Can you help me do this one? Thanks:
4. A 2.34 mol/L sodium hydroxide solution is reacted with 11.6 g of lead (II) sulphate powder. What volume of sodium hydroxide would react completely?
And one more question, would you multiply the answer by 4 since it is 4OH- for every PbSO4? Thanks.
PbSO4 + 2NaOH ==> Pb(OH)2 + Na2SO4 or
PbSO4 + 4NaOH ==> Na2Pb(OH)4 + Na2SO4
Equation 1 if the reaction stops at Pb(OH)2 or equation 2 if the Pb(OH)4^2- complex ion is formed.
11.6 g PbSO4/molar mass PbSO4 = ?? mols PbSO4.
Mols NaOH required = mols PbSO4 x 2 (or 4 depending upon which reaction you are working with) = mols NaOH.

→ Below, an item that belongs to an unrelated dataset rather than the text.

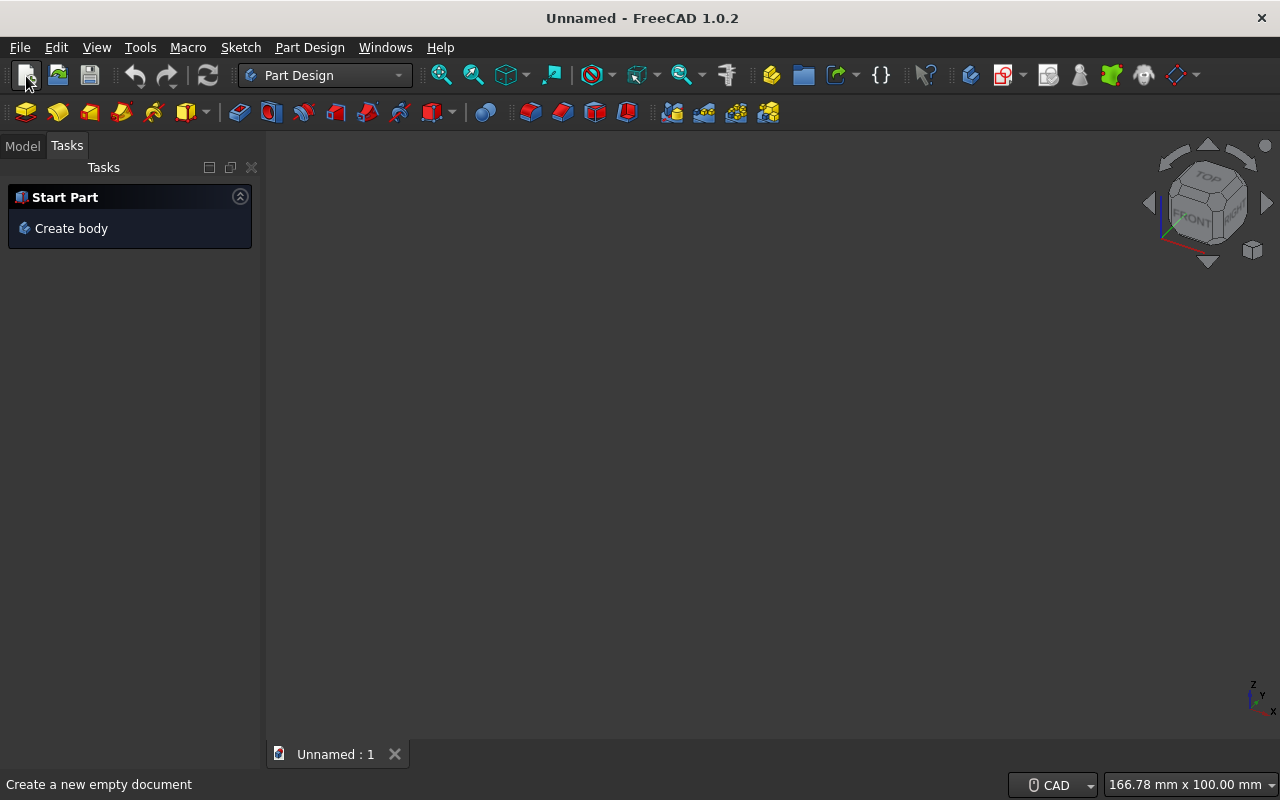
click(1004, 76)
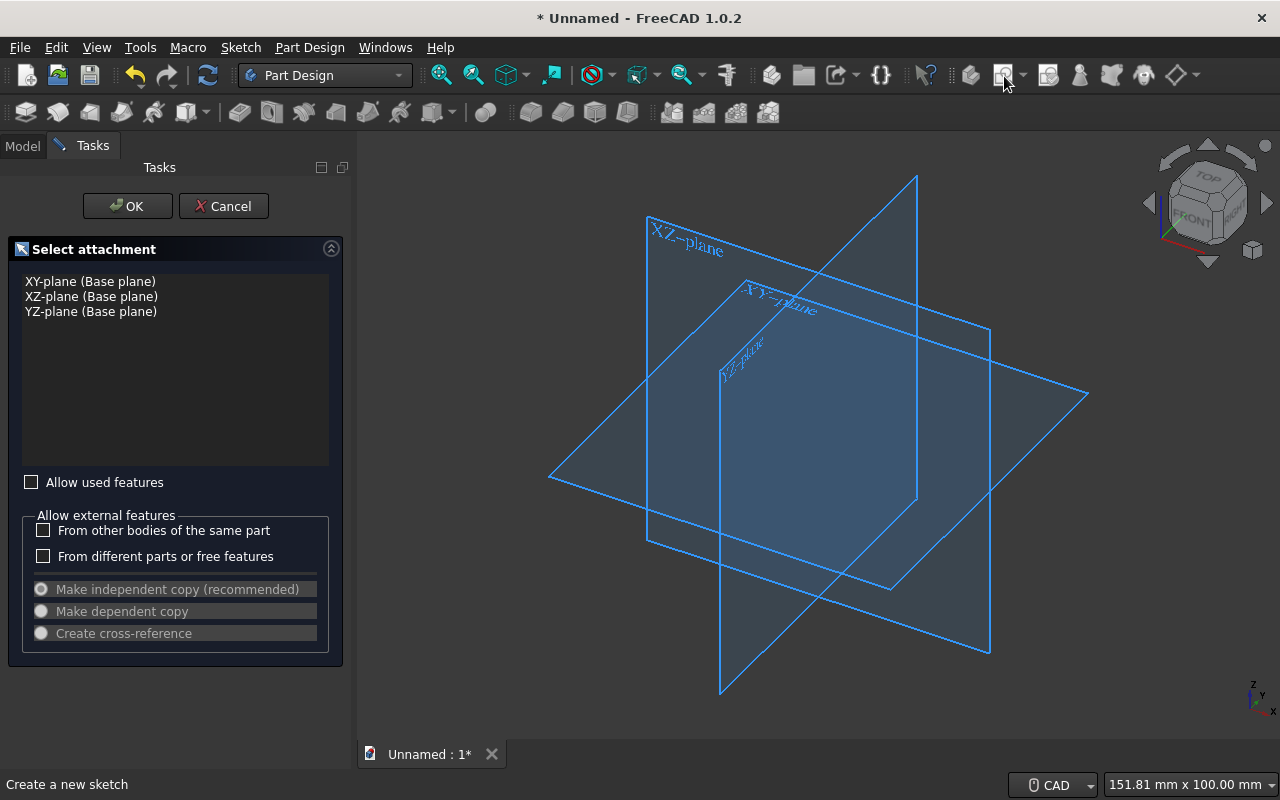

L NaOH = mols NaOH/molarity NaOH.
I hope this helps.
Ok, so this is what I did:
Step #1:
11.6 g PbSO4/ 303.28 molar mass PbSO4 = 0.038 mols PbSO4
Step #2:
0.038 mols PbSO4 x 4 = 0.153
Step #3:
0.153 x (2/4)= 0.0765
ratio
Step #4:
0.0765 x (1/2.34)=0.033L
Would this be right?
Ok, so this is what I did:
Step #1:
11.6 g PbSO4/ 303.28 molar mass PbSO4 = 0.038 mols PbSO4 There are three significant figures in 11.6 g PbSO4; therefore, the answer should be carried out to at least one more place. Your next answer checks so I think you kept that number in your calculator but just didn't type it into the answer.
Step #2:
0.038 mols PbSO4 x 4 = 0.153 This answer is ok BUT it is mislabeled. The 0.03825 mol is mol PbSO4. That times 4, then, is mol NaOH. That is
0.03825 mol PbSO4 x (4 mol NaOH/1 mol PbSO4) [from the equation]= 0.153 mol NaOH. Note how the units of mol PbSO4 cancel to leave the unit of mol NaOH (and that is the unit you want to proceed to the next step of liters NaOH).
Step #3:
0.153 x (2/4)= 0.0765
ratio I am confused as to why you want the ratio of the two equations unless the question is somehow related to the ratio. However, as originally stated, the ratio is not involved. You pick whichever reaction is involved and go with it. Step two changed from mols PbSO4 to mols NaOH and we need not make another change here.
Step #4:
0.0765 x (1/2.34)=0.033L
So this step is 0.153 mols NaOH x (1/2.34) = ?? liters NaOH.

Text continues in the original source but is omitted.